1 Foundational Locale Theory

1.1 Frames and Basic Structure

Definition 1 Frame

A frame is a complete lattice \((L, \leq )\) satisfying the infinite distributive law (frame distributivity):

\[ a \land \bigvee _{i \in I} b_i = \bigvee _{i \in I} (a \land b_i) \]

for all \(a \in L\) and all families \((b_i)_{i \in I}\) of elements of \(L\).

Definition 2 Frame Homomorphism

A map \(f: L \to M\) between frames is a frame homomorphism if it:

Preserves arbitrary joins: \(f(\bigvee _{i \in I} a_i) = \bigvee _{i \in I} f(a_i)\)
Preserves finite meets: \(f(a \land b) = f(a) \land f(b)\) and \(f(\top ) = \top \)

Remark 3

Note that frame homomorphisms need not preserve \(\bot \). The category of frames and frame homomorphisms is denoted \(\mathbf{Frame}\).

Definition 4 Locale

A locale is a formal dual of a frame. The category \(\mathbf{Loc}\) has:

Objects: Frames (understood as the lattice of open sets of a generalized space)
Morphisms: \(\mathrm{Hom}_{\mathbf{Loc}}(X, Y) := \mathrm{Hom}_{\mathbf{Frame}}(\mathcal{O}(Y), \mathcal{O}(X))\) (contravariant)

Lemma 5 Locale Morphism Composition

Composition of locale morphisms is well-defined and associative.

Proof ▶

Let \(f: X \to Y\) and \(g: Y \to Z\) be locale morphisms. Then:

\begin{align*} (g \circ f)_{\mathrm{frame}} & := f_{\mathrm{frame}} \circ g_{\mathrm{frame}} : \mathcal{O}(Z) \to \mathcal{O}(X) \end{align*}

The composition of frame homomorphisms is a frame homomorphism (by definition of frame homomorphism).

For joins: \((f_{\mathrm{frame}} \circ g_{\mathrm{frame}})(\bigvee _{i} u_i) = f_{\mathrm{frame}}(g_{\mathrm{frame}}(\bigvee _i u_i)) = f_{\mathrm{frame}}(\bigvee _i g_{\mathrm{frame}}(u_i)) = \bigvee _i f_{\mathrm{frame}}(g_{\mathrm{frame}}(u_i))\).

For finite meets: similarly by composition of homomorphisms.

Associativity follows from associativity of function composition.

1.2 Frame Presentations

Definition 6 Presented Frame

A frame presented by a set of generators \(G\) and a set of relations \(R\) is denoted:

\[ \mathrm{Fr}\langle G \mid R \rangle \]

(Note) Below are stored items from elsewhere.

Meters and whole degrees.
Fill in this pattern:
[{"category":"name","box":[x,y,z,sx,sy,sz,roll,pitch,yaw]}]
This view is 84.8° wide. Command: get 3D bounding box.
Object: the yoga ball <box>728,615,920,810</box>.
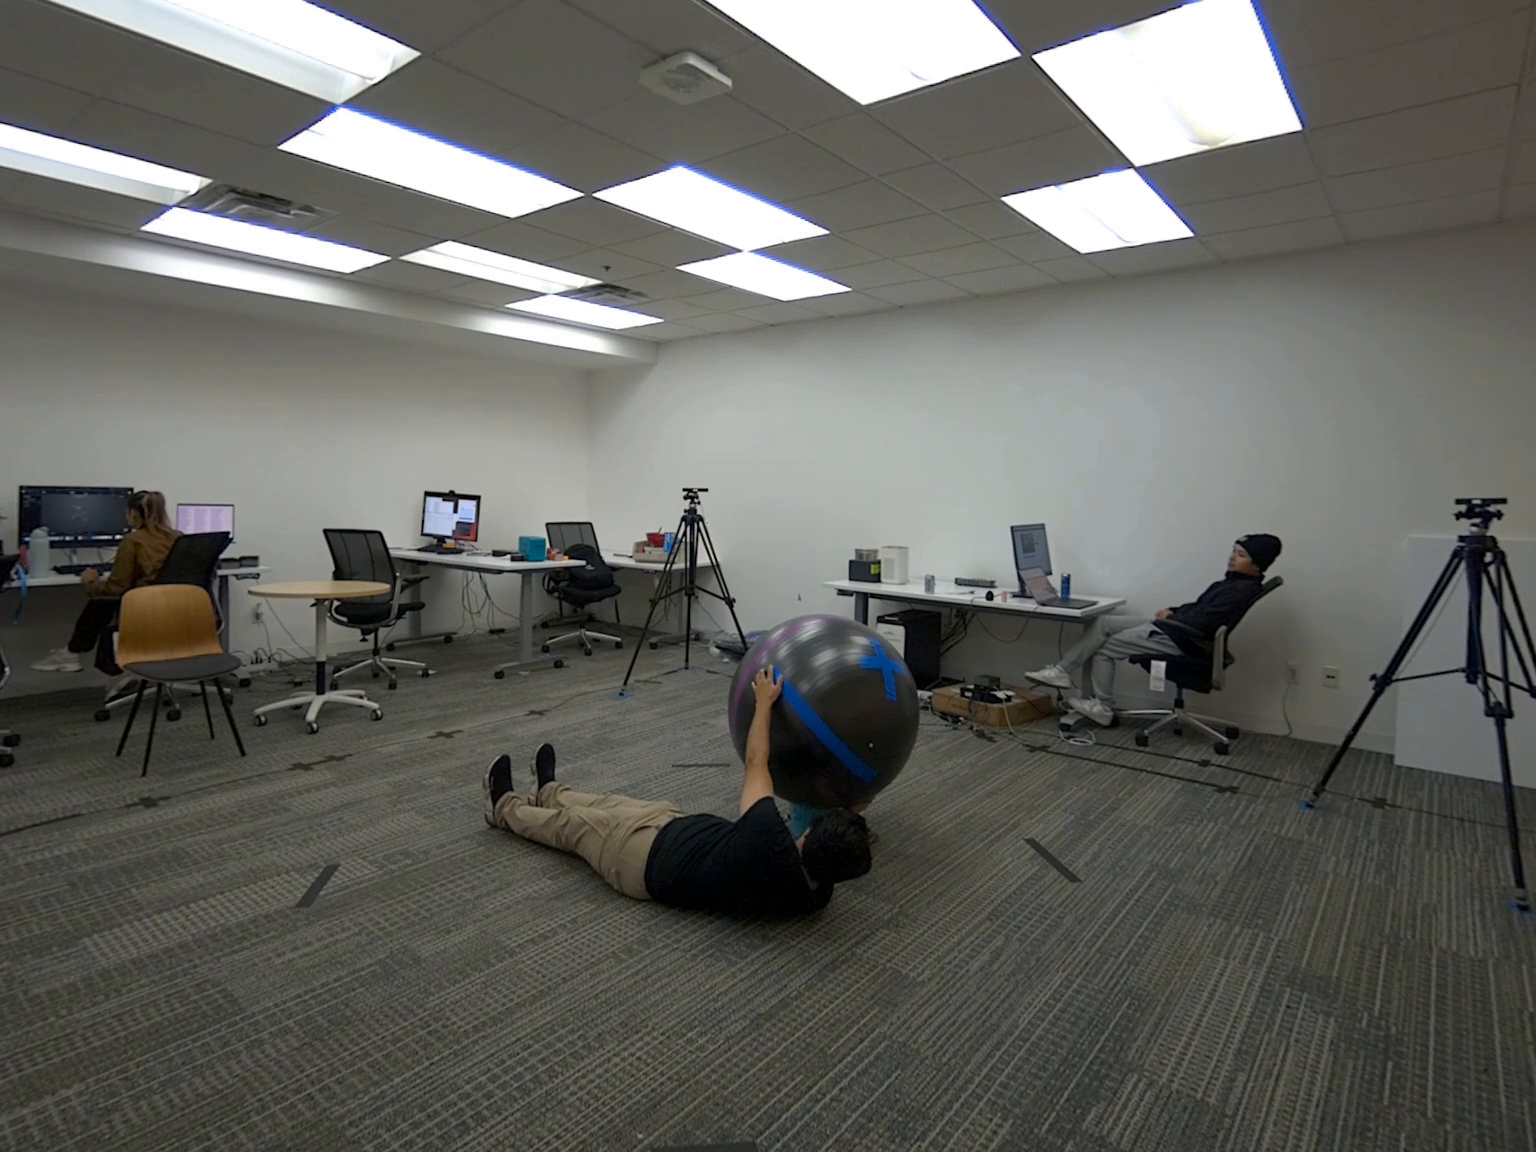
[{"category":"yoga ball","box":[0.208,0.537,3.401,0.757,0.756,0.761,0,4,-2]}]

This is the free frame on generators \(G\) quotiented by the frame congruence generated by \(R\).

Lemma 7 Universal Property of Presented Frames

Let \(L = \mathrm{Fr}\langle G \mid R \rangle \) be a presented frame, and let \(M\) be another frame. A frame homomorphism \(f: L \to M\) is determined by:

A function \(\phi : G \to M\)
A verification that the relations \(R\) are respected: for every relation in \(R\), \(\phi \) satisfies it in \(M\)

Proof ▶

The universal property follows from the definition of the quotient of the free frame by a frame congruence.

Given \(\phi : G \to M\) respecting \(R\), it extends uniquely to a frame homomorphism \(\tilde{\phi }: \mathrm{Fr}(G) \to M\) on the free frame, since \(\mathrm{Fr}(G)\) is free.

Since \(\phi \) respects the relations \(R\) generating the congruence, the map \(\tilde{\phi }\) descends to a frame homomorphism \(\bar{\phi }: L \to M\).

Uniqueness follows from the universal property of the free frame and the quotient.

Corollary 8 Characterization by Generators and Relations

A frame homomorphism from a presented frame is completely determined by its action on generators.